Given information =>
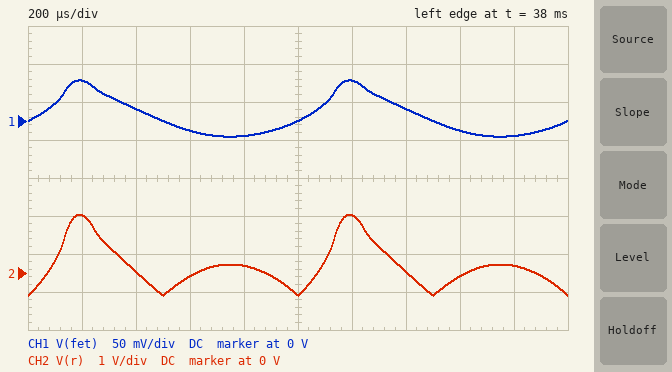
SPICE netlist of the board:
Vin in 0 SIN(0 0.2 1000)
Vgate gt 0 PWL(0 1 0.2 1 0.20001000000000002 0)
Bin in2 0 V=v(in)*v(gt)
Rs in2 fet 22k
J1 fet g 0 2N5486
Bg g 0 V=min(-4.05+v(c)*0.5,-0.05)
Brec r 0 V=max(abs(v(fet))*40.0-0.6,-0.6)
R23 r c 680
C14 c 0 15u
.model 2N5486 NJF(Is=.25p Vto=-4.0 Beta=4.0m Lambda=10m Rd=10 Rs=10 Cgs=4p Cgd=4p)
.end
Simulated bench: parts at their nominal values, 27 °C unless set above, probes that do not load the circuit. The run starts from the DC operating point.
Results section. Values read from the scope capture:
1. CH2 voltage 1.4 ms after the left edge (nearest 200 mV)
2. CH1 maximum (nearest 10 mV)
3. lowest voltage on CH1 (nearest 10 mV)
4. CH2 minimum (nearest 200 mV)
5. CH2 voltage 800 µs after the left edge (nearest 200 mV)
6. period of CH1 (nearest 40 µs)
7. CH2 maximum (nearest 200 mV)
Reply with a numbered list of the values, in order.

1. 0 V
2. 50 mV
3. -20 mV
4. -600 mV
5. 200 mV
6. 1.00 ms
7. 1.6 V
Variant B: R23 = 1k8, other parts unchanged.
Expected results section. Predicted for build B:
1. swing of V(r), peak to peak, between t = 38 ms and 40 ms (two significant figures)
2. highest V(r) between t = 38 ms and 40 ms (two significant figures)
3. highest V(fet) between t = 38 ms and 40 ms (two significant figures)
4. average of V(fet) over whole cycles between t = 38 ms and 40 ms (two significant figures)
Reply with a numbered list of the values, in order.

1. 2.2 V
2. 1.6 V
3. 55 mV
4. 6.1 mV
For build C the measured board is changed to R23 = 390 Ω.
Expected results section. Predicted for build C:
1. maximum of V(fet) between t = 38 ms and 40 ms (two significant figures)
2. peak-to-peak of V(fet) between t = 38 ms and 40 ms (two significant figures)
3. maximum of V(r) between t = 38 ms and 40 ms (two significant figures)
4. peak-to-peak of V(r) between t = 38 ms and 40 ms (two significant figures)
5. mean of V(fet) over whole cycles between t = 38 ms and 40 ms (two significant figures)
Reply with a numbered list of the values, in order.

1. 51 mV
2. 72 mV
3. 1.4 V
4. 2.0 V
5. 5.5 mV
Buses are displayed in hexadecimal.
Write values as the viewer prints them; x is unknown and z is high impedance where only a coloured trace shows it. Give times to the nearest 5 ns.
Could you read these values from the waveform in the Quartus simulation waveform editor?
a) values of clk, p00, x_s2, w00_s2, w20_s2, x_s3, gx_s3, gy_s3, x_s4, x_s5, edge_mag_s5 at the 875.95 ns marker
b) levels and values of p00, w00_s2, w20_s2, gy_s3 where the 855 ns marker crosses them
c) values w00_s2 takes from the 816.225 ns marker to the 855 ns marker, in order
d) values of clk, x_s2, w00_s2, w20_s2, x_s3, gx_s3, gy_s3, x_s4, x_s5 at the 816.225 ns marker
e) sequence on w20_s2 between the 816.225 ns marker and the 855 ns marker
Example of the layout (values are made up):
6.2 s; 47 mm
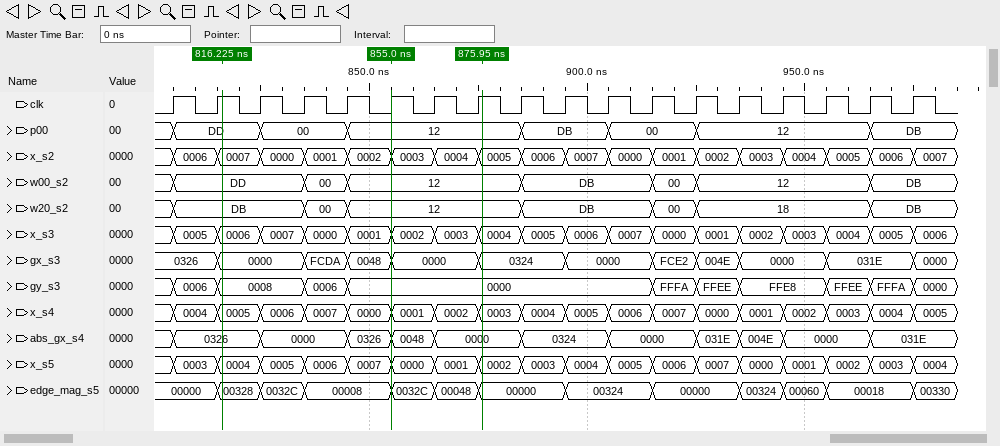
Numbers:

Assignment =>
Exactly as written, set down each line of the records, leaving out the pictures.

Solved exercise =>
SPICE netlist of the board:
Vin in 0 SIN(0 0.2 1000)
Vgate gt 0 PWL(0 1 0.2 1 0.20001000000000002 0)
Bin in2 0 V=v(in)*v(gt)
Rs in2 fet 22k
J1 fet g 0 2N5486
Bg g 0 V=min(-4.05+v(c)*0.5,-0.05)
Brec r 0 V=max(abs(v(fet))*40.0-0.6,-0.6)
R23 r c 680
C14 c 0 15u
.model 2N5486 NJF(Is=.25p Vto=-4.0 Beta=4.0m Lambda=10m Rd=10 Rs=10 Cgs=4p Cgd=4p)
.end
Simulated bench: parts at their nominal values, 27 °C unless set above, probes that do not load the circuit. The run starts from the DC operating point.
Results section. Values read from the scope capture:
1. CH2 voltage 1.4 ms after the left edge (nearest 200 mV)
2. CH1 maximum (nearest 10 mV)
3. lowest voltage on CH1 (nearest 10 mV)
4. CH2 minimum (nearest 200 mV)
5. CH2 voltage 800 µs after the left edge (nearest 200 mV)
6. period of CH1 (nearest 40 µs)
7. CH2 maximum (nearest 200 mV)
Reply with a numbered list of the values, in order.

1. 0 V
2. 50 mV
3. -20 mV
4. -600 mV
5. 200 mV
6. 1.00 ms
7. 1.6 V
Variant B: R23 = 1k8, other parts unchanged.
Expected results section. Predicted for build B:
1. swing of V(r), peak to peak, between t = 38 ms and 40 ms (two significant figures)
2. highest V(r) between t = 38 ms and 40 ms (two significant figures)
3. highest V(fet) between t = 38 ms and 40 ms (two significant figures)
4. average of V(fet) over whole cycles between t = 38 ms and 40 ms (two significant figures)
Reply with a numbered list of the values, in order.

1. 2.2 V
2. 1.6 V
3. 55 mV
4. 6.1 mV
For build C the measured board is changed to R23 = 390 Ω.
Expected results section. Predicted for build C:
1. maximum of V(fet) between t = 38 ms and 40 ms (two significant figures)
2. peak-to-peak of V(fet) between t = 38 ms and 40 ms (two significant figures)
3. maximum of V(r) between t = 38 ms and 40 ms (two significant figures)
4. peak-to-peak of V(r) between t = 38 ms and 40 ms (two significant figures)
5. mean of V(fet) over whole cycles between t = 38 ms and 40 ms (two significant figures)
Reply with a numbered list of the values, in order.

1. 51 mV
2. 72 mV
3. 1.4 V
4. 2.0 V
5. 5.5 mV
Buses are displayed in hexadecimal.
Write values as the viewer prints them; x is unknown and z is high impedance where only a coloured trace shows it. Give times to the nearest 5 ns.
Could you read these values from the waveform in the Quartus simulation waveform editor?
a) values of clk, p00, x_s2, w00_s2, w20_s2, x_s3, gx_s3, gy_s3, x_s4, x_s5, edge_mag_s5 at the 875.95 ns marker
b) levels and values of p00, w00_s2, w20_s2, gy_s3 where the 855 ns marker crosses them
c) values w00_s2 takes from the 816.225 ns marker to the 855 ns marker, in order
d) values of clk, x_s2, w00_s2, w20_s2, x_s3, gx_s3, gy_s3, x_s4, x_s5 at the 816.225 ns marker
e) sequence on w20_s2 between the 816.225 ns marker and the 855 ns marker
Example of the layout (values are made up):
6.2 s; 47 mm
Numbers:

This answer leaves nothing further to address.